The weight, $X$ grams, of soup put in a tin by machine A is normally distributed with a mean of 160 g and a standard deviation of 5 g - Edexcel - A-Level Maths: Statistics - Question 8 - 2011 - Paper 1

To find $w$ such that $P(X < w) = 0.01$, first we standardize: $P(X < w) = P\left(Z < \frac{w - \mu}{\sigma}\right)$

Setting this equal to 0.01: $\frac{w - 160}{5} = Z_{0.01}$

From standard normal distribution tables, we find that: $Z_{0.01} \approx -2.326$

Now, rearranging gives: $w - 160 = -2.326 \cdot 5$

Calculating: $w - 160 \approx -11.63$

Thus, $w \approx 148.37$

Hence, $w$ is approximately 148.37 grams.
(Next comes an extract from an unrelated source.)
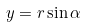<formula> <loc_0><loc_0><loc_500><loc_500>y = r \sin \alpha</formula> 
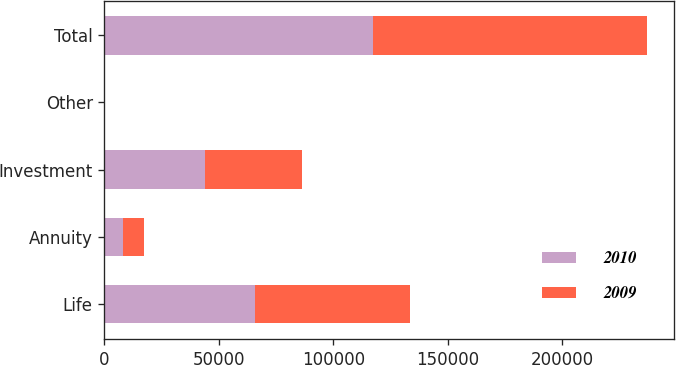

We need to establish the values of $\mu$ and $\sigma$ based on the probabilities provided.

1. Finding $\mu$: From $P(Y < 160) = 0.99$, we standardize: $P\left(Z < \frac{160 - \mu}{\sigma}\right) = 0.99$ Therefore, using the Z-table: $\frac{160 - \mu}{\sigma} \approx 2.33$

2. Finding $\sigma$: From $P(Y > 152) = 0.90$, we have: $P(Y < 152) = 0.10$ Standardizing gives: $P\left(Z < \frac{152 - \mu}{\sigma}\right) = 0.10$ Therefore: $\frac{152 - \mu}{\sigma} \approx -1.281$

Now we have a system of equations:

1. $\frac{160 - \mu}{\sigma} = 2.33 \Rightarrow 160 - \mu = 2.33\sigma$
2. $\frac{152 - \mu}{\sigma} = -1.281 \Rightarrow 152 - \mu = -1.281\sigma$

Solving these:

1. $\mu = 160 - 2.33\sigma$
2. $\mu = 152 + 1.281\sigma$

Setting these equal: $160 - 2.33\sigma = 152 + 1.281\sigma$ $8 = 3.611\sigma$ $\sigma \approx 2.21$

Substituting back to find $\mu$: $\mu = 160 - 2.33(2.21) \approx 154.84$

Hence, the values are: $\mu \approx 154.84$ and $\sigma \approx 2.21$.